Воспринимая природу как движение, процесс, футуристы акцентировали одну сторону этого процесса – рождение нового и опускали или даже оспаривали другую – что это рождение есть возрождение, цикличность, повтор. Р. В. Дуганов рассматривает эстетику футуризма как «эстетику бесконечного материально-энергийного становления»[64]
и приводит на этот счет многие заявления поэтов и художников футуристического направления. Например, Малевич: «Природа не хочет вечной красоты и потому меняет формы и выводит из созданного новое и новое»[65] (ср. пушкинское: «И пусть у гробового входа / Младая будет жизнь играть, / И равнодушная природа / Красою вечною сиять»). Или Ольга Розанова: «Нет ничего в мире ужаснее повторяемости, тождественности…»[66] (ср. мысль позднего Пастернака, подготовленную всем ходом его творческого развития, полемичного по отношению к футуризму: «…все время одна и та же необъятно тождественная жизнь наполняет вселенную и ежечасно обновляется в неисчислимых сочетаниях и превращениях»[67]). Понятно, что ведущая тенденция футуристической «натурфилософии» имела прямое отношение к эстетической проблеме традиций и новаторства, принципиально решаемой в пользу новаторства. Понятно также, в другом аспекте, что она не характерна в равной мере для всех футуристов и кто-то из них обходился без какой бы то ни было натурфилософии. Однако во всех случаях поэтика футуризма формировалась на основе материально-чувственного мировосприятия.Художник, по убеждению футуристов, творит не подобие вещи, а саму вещь, активно участвует в деле мироустройства. Процесс создания произведения осуществляется «всеми силами нашего организма», с включением всех органов чувств. Мысль не то что бы новая, но всячески подчеркиваемая футуристами и практически реализуемая в фактуре произведения. И от читателя (зрителя) требуется нечто большее и, может быть, даже иное, чем понятная, традиционная работа «ума и сердца», – воспринимая произведение, он должен видеть, слышать, осязать, пробовать произведение на вкус и чуть ли не улавливать его запах (слово-запах, мы помним, тоже присутствует в теории футуризма).
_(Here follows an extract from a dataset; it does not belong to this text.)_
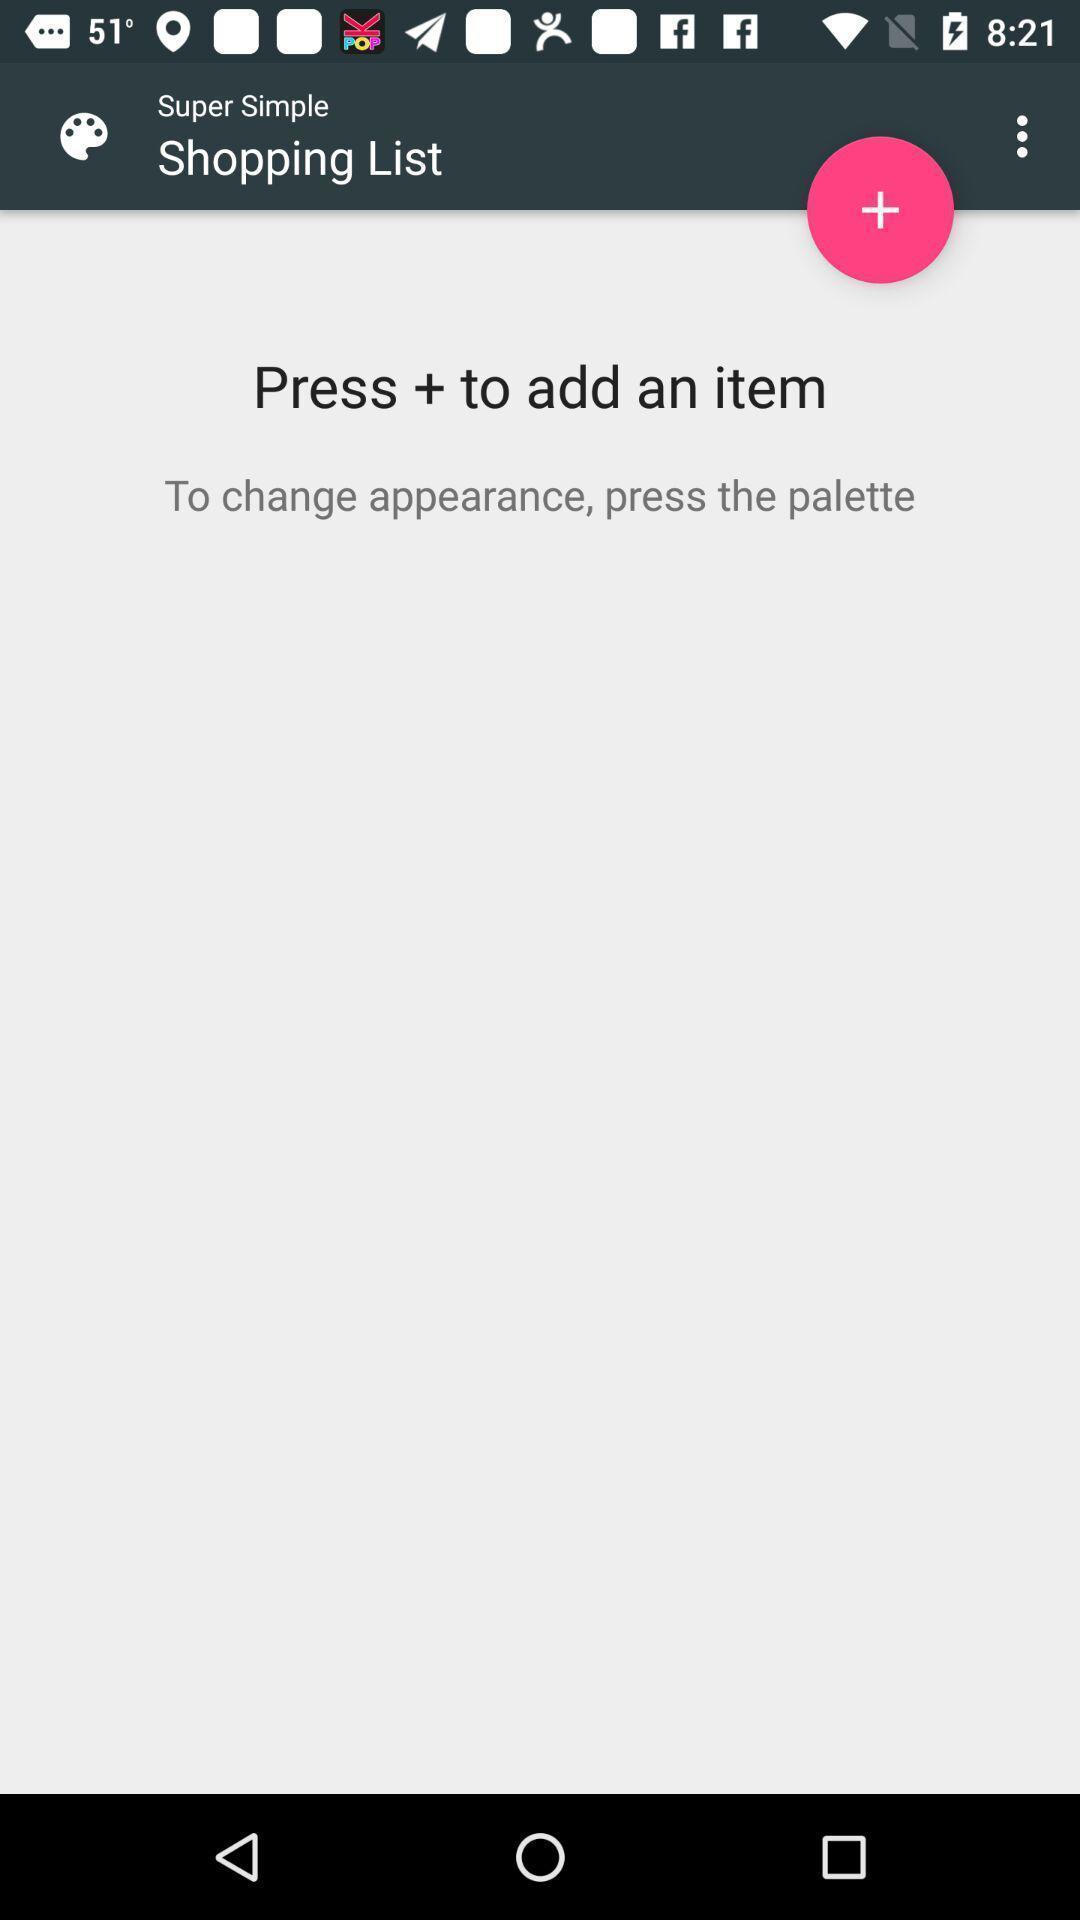Tell me about the visual elements in this screen capture. Shopping list page of a shopping application.

Проблема «понимания» футуристических стихов не менее каверзная, чем проблема самого творчества.
На уровне субъективного восприятия и вкуса автор данной статьи «не принимает» половины напечатанных в этом томе произведений. Не потому, что футуризм, а потому что плохо написано. Однако в плане историко-литературном дело приобретает другой оборот. Футуризм обозначил свое место в истории литературы, и его слово учтено поэзией последующего времени. Причем раздражителями, стимулирующими новые поэтические поиски, были и яркие достижения футуристического творчества, и сомнительные эксперименты, направленные всецело на сокрушение «правил», проникнутые художественным нигилизмом. В определенном смысле такие встряски, включая опыты «разрушения эстетики», полезны для искусства, в конечном счете полезны: они укрепляют его самосознание. Учет условий и особенностей литературно-художественного процесса необходим при чтении конкретных произведений футуристов.
Одним из главных принципов футуристического искусства является принцип затрудненной формы (трудно пишется – трудно читается). Сама структура произведения содержит ряд специфических условий, выполнение которых необходимо для его понимания. Далеко не всегда усилия читателя бывают вознаграждены, затрудненность может оказаться холостой, надуманной, – зато какое счастье открыть для себя действительно небывалый мир, проникнуть в большой поэтический секрет, который, кстати, покажется в итоге совсем несложным, совсем даже и не секретом.
Великим открытием в поэзии XX века явилась зрелищная, «материализованная» метафора Маяковского.